El viento álgido de una noche de primavera acariciaba su desnudo torso y, hacia a su cabello imitar el baile de las llamas. Se sentó a las raíces del sauce, con la espalda erguida y su rostro mirando al frente, mientras sus ayudantes le mojaban los labios con aceite de almendras y, dibujaban con sangre de ciervo las runas y pinturas que le ayudarían a entrar en armonía con la naturaleza y a su vez, a viajar al otro lado. Sus brazos, torso, espalda y rostro se encontraban teñidos y preparados. Se recostó en el mismo lugar y sus discípulos comenzaron el ritual, cantando en un extraño idioma.

Los tambores resonaban mientras que el joven era llamado por los espíritus del bosque, quienes le mostrarían el inminente futuro que se cernía sobre todo ser viviente. Sus ojos se entrecerraban hasta que finalmente sus parpados cayeron. Al abrirlos, allí se encontraba.

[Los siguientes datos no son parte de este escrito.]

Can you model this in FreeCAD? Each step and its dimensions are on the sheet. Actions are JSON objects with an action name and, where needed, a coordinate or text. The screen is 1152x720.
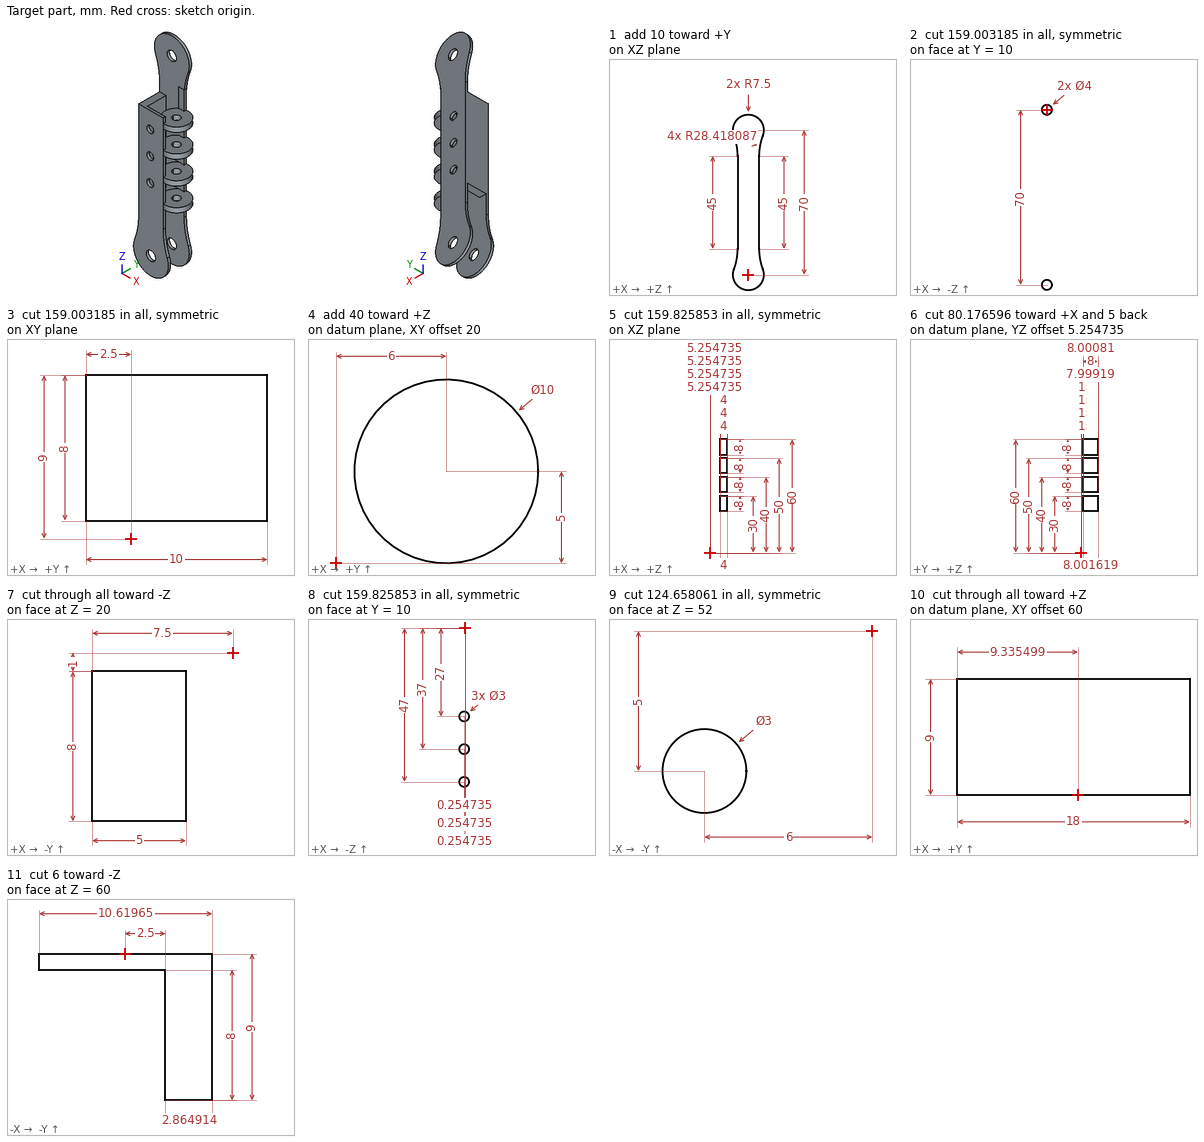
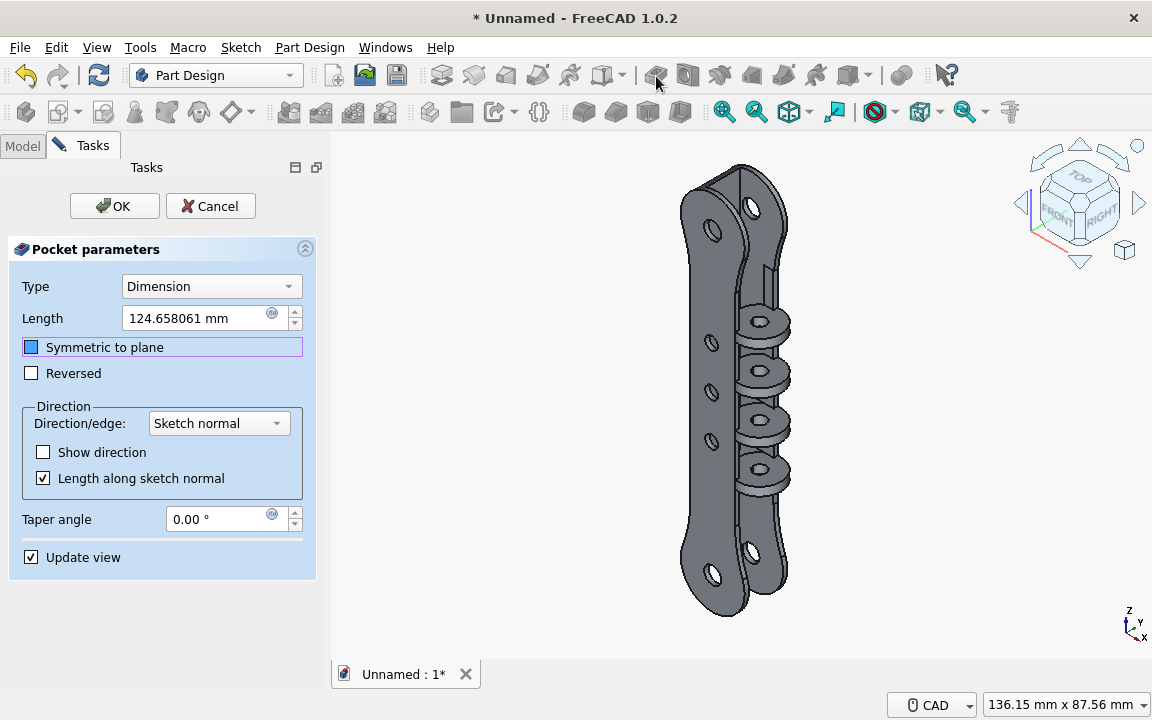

La luz era cálida, todo lo que tocaba brillaba. Todo monumento de piedra estaba cubierto por musgo, ramas y plantas. En el centro de aquel lugar, se encontraba un trono, iluminado por una luz mas intensa que atravesaba las ventanas de cristal. Renly se acercó. No era la primera ni ultima vez que se hallaba en el lugar en el que residían los druidas que una vez vivieron; sin embargo, si era la primera vez que se encontraba allí solo.

Sus mano derecha acarició el trono, sintiendo la humedad del musgo que lo recubría. La luz fue sofocada por una gigantesca sombra, sombra que procedía de los cielos. Su mirada se dirigió a las ventanas, donde pudo comprobar que se trataba de nada más ni menos de la sombra de un dragón.

Volvió la luz sin embargo, esta ya no era cálida. Los árboles y plantas se secaron, al igual que el musgo, dejando ver la piedra agrietada que formaban las paredes y estatuas. El sonido aumentaba a su vez que las grietas crecían. El lugar dio comienzo a un derrumbe, un derrumbe que acabaría por descubrir la existencia de un templo bajo la superficie del pavimento. En aquel oscuro lugar se hallaba una extraña caja de madera tallada que, desprendía una fuerte y brillante incandescencia. El pelirrojo perteneciente al pueblo Sidhe se adentró y, al abrir la caja, se encontró con una bola de cristal.

Aquella esfera contenía dentro de sí una imagen, una imagen borrosa que parecía tener vida propia. Renly la tocó y sin más, encontró frente de si el Nogal, el árbol de la vida. Este estaba rodeado de un interminable lago. Los pies desnudos del pelirrojo andaban sobre el agua, como si de un camino de tierra se tratase. Finalmente llegó hasta el árbol y este, comenzó a marchitarse a medida que el lago se secaba. De pronto, pasó.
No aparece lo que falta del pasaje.